Running the baseline inference with `gpt-3.5-turbo`:

| Task | Difficulty | Avg Reward | Steps |
|---|---|---|---|
| `easy_faq` | Easy | ~0.65 | 1–2 |
| `medium_refund` | Medium | ~0.55 | 3–4 |
| `hard_escalation` | Hard | ~0.45 | 4–6 |
| **Overall** | — | **~0.55** | — |

> Scores vary based on model quality.
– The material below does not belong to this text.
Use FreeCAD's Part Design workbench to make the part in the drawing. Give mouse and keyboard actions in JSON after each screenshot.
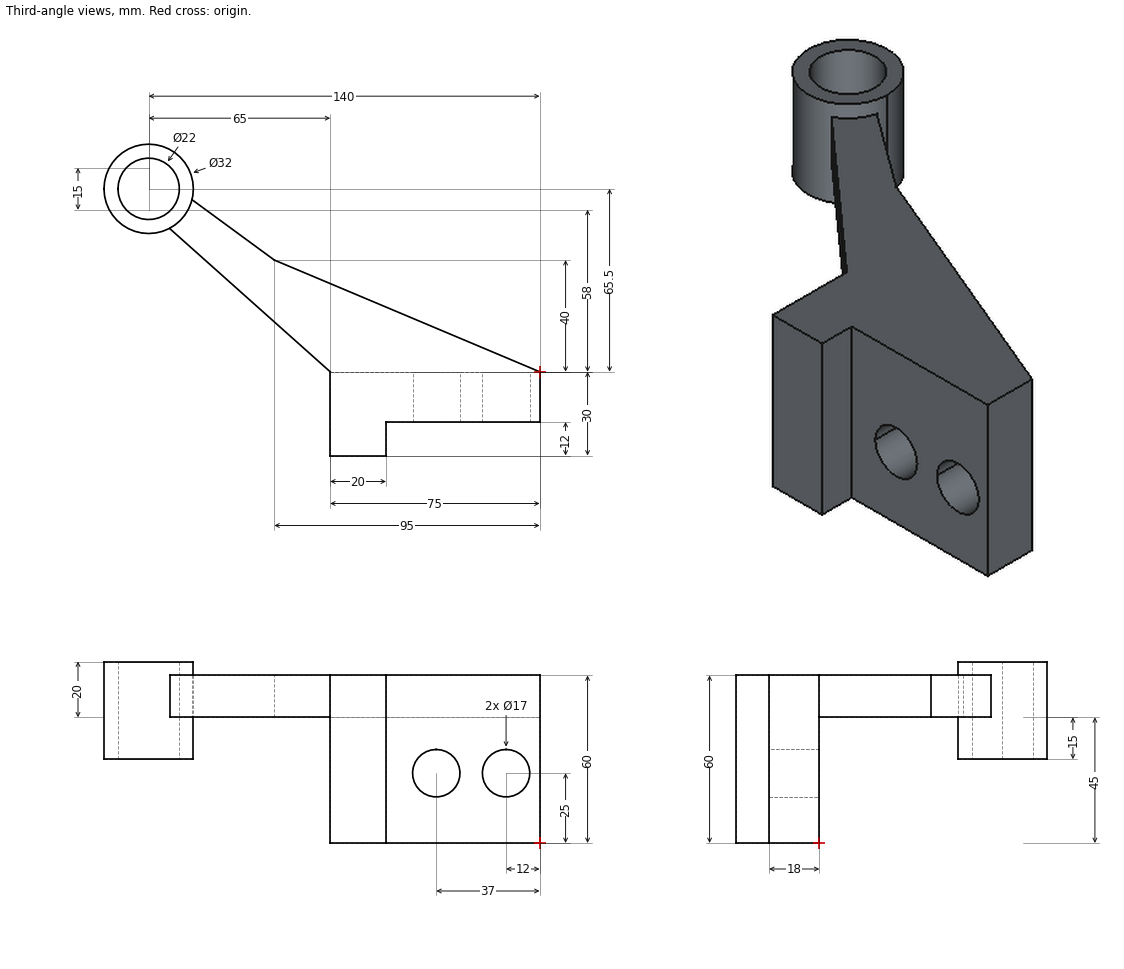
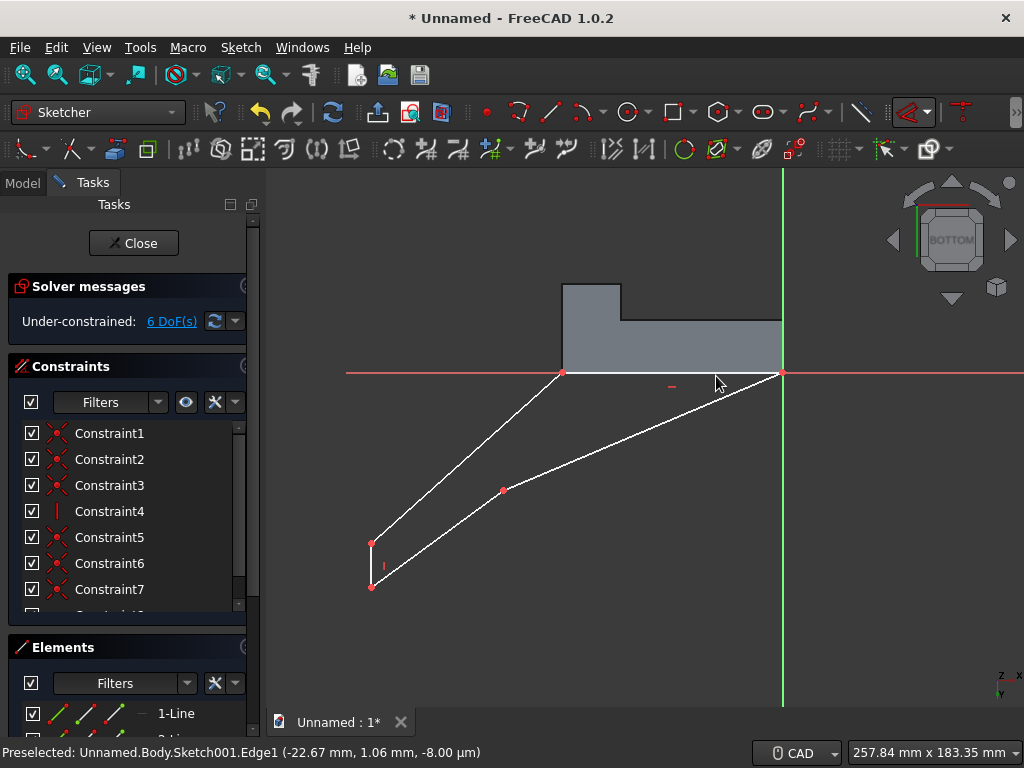
{"action": "left_click", "coordinate": [716, 373]}

Better models achieve higher scores by producing more empathetic, accurate, and complete responses.

---

## Project Structure

```
openenv/
├── openenv.yaml           # OpenEnv manifest (metadata, tasks, config)
├── models.py              # Pydantic models (Action, Observation, State, Reward)
├── tasks.py               # Task definitions (3 tasks, rubrics, policies)
├── grader.py              # Deterministic grading engine
├── inference.py           # Baseline LLM inference script
├── validate.py            # Environment validation script
├── requirements.txt       # Python dependencies
├── pyproject.toml         # Project configuration
├── Dockerfile             # Docker container definition
├── .dockerignore          # Docker build exclusions
├── .env.example           # Environment variable template
├── .gitignore             # Git ignore rules
├── README.md              # This file
└── server/
    ├── __init__.py
    ├── environment.py     # Core environment (reset/step/state)
    └── app.py             # FastAPI HTTP server
```

---

## HuggingFace Spaces Deployment

This environment is designed for deployment as a **Docker-based HuggingFace Space**:

1. Create a new Space with **Docker SDK**
2. Push the code to the Space repository
3. The Space will auto-build and expose the API at port 8000
4. Tag the Space with `openenv`

```bash
# Using openenv CLI
openenv push --repo-id mathi3046/customer-support-env
```

The API endpoint `POST /reset` will respond with HTTP 200, confirming the Space is operational.

---

## License

MIT License. See [LICENSE](LICENSE) for details.